Paulina Krupińska w ostatnim czasie bardzo często pokazuje, jak spędza czas ze swoją rodziną. Niedawno opublikowała zabawne nagranie, na którym widać jej życie "od kuchni". Sebastian Karpiel-Bułeckastoi przy garnkach w kapciach w jednorożce, gotując i jednocześnie dając prywatny koncert. Natomiast dzieci pary biegają, krzycząc wniebogłosy. Typowa szczęśliwa rodzinka - taka wersja gwiazd bardzo nam się podoba. Tym razem modelka udostępniła na Instagramie fotografię męża i swoich pociech, nazywając ukochanego "świętym". Urocze ujęcie!
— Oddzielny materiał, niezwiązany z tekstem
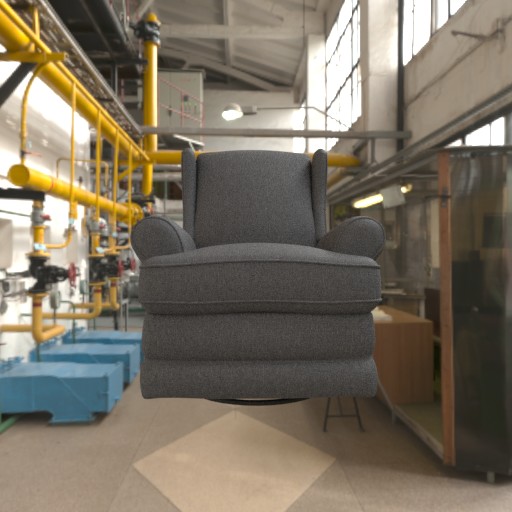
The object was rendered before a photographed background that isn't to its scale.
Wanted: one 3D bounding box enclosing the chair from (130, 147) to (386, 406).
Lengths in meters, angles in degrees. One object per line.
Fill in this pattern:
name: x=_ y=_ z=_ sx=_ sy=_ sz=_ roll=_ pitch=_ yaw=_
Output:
chair: x=0.000 y=0.000 z=1.768 sx=0.847 sy=1.011 sz=0.969 roll=0 pitch=1 yaw=-2
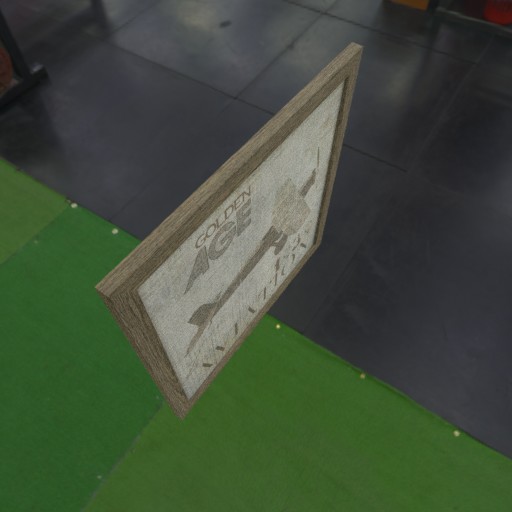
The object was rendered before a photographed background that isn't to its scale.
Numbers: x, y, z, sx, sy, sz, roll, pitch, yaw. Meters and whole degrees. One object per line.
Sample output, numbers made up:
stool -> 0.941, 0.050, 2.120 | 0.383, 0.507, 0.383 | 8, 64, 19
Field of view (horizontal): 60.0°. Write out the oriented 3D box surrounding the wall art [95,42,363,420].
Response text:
wall art -> 0.000, 0.000, 0.751 | 0.019, 0.508, 0.508 | 31, 62, 19
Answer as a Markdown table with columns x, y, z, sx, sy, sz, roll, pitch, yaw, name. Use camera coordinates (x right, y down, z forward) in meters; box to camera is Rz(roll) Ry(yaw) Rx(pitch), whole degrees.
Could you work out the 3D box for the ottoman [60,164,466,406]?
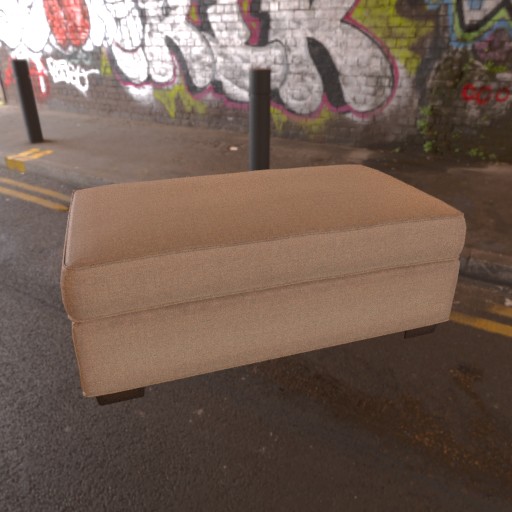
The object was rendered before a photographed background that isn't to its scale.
| x | y | z | sx | sy | sz | roll | pitch | yaw | name |
| --- | --- | --- | --- | --- | --- | --- | --- | --- | --- |
| 0.000 | 0.000 | 1.427 | 1.097 | 0.448 | 0.617 | -8 | 27 | -16 | ottoman |
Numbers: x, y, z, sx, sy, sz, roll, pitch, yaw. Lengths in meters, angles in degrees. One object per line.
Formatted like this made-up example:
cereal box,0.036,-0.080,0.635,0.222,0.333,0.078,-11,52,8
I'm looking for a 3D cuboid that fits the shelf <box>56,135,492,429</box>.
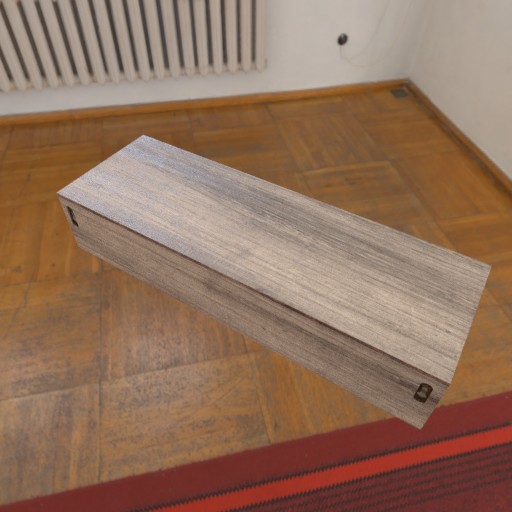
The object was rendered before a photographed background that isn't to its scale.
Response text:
shelf,0.000,0.000,0.683,0.610,0.125,0.200,24,51,21
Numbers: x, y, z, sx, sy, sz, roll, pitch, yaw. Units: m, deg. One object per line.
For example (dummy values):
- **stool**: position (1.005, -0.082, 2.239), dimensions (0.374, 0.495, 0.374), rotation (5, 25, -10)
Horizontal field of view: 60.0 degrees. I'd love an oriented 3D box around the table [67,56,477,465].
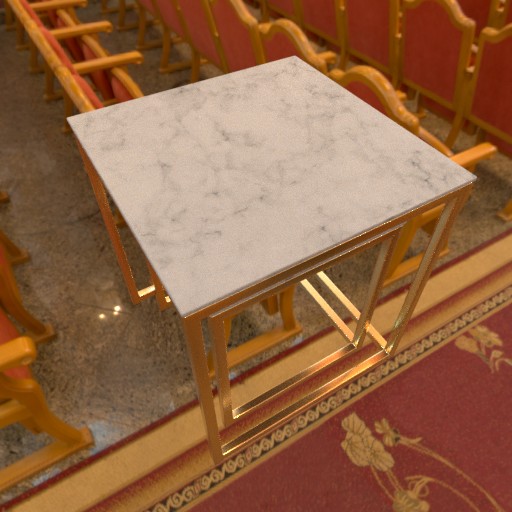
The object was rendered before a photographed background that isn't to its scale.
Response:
- **table**: position (0.000, 0.000, 0.854), dimensions (0.450, 0.500, 0.450), rotation (-24, 52, -20)
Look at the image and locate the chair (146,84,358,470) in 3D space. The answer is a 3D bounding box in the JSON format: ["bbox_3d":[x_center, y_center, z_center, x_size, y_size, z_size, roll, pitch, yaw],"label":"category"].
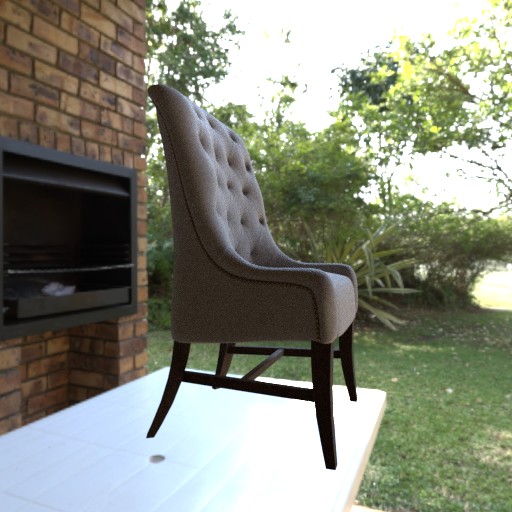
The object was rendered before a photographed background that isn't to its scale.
[{"bbox_3d":[0.000,0.000,1.498,0.629,1.091,0.634,0,0,18],"label":"chair"}]
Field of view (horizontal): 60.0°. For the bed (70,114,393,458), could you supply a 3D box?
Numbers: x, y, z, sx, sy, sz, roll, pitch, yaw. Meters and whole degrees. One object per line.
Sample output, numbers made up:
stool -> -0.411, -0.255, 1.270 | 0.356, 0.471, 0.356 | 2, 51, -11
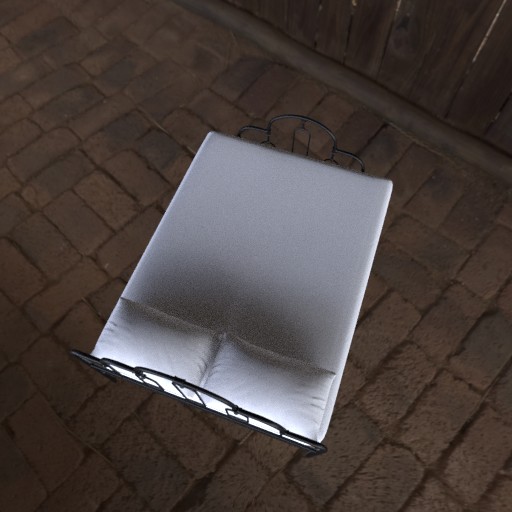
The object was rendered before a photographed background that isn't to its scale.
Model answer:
bed -> 0.000, 0.000, 3.170 | 1.626, 1.444, 2.181 | 18, 65, 9

Niewątpliwie Sebastian Karpiel-Bułecka dobrze spełnia się w roli ojca. Żona muzyka wielokrotnie chwaliła się tym, że mąż spędza z dziećmi mnóstwo czasu i darzy je ogromną miłością. Dowodem na to są chociażby fotografie opublikowane na oficjalnym profilu modelki.
Ten dość specyficzny czas, który obliguje Polaków do pozostania w domach sprawił, że popularna góralska rodzina zbliżyła się do siebie jeszcze bardziej. Paulina Krupińska pokazała przepiękną fotografię, na której widać, jak mąż spaceruje z dziećmi po ośnieżonej polanie. Moment został idealnie uchwycony, kiedy nad rozjaśnioną głową muzyka słońce stworzyło swego rodzaju "aureolę". Kobieta nazwała ukochanego "świętym".
Każdy mężczyzna po tych dwóch tygodniach z dziećmi może stać się świętym za życia, jak widać na załączonym obrazku.
Wpis modelki zarówno rozbawił, jak i wzruszył internautów. Post skomentowała między innymi Viola Piekut.
Zdrówka dla Was. Piękna rodzinka - napisała projektantka.
Pod bajkową fotografią nie zabrakło słów zachwytu.
Fotograf na medal, nie ujmując niezwykłemu ujęciu ojcostwa, za które szacun.
Mistrzowski opis i zdjęcie, ale myślę, że kobiet dotyczy to również.
Bosko i to dosłownie.
Również widzicie magię, uchwyconą na tym obrazku?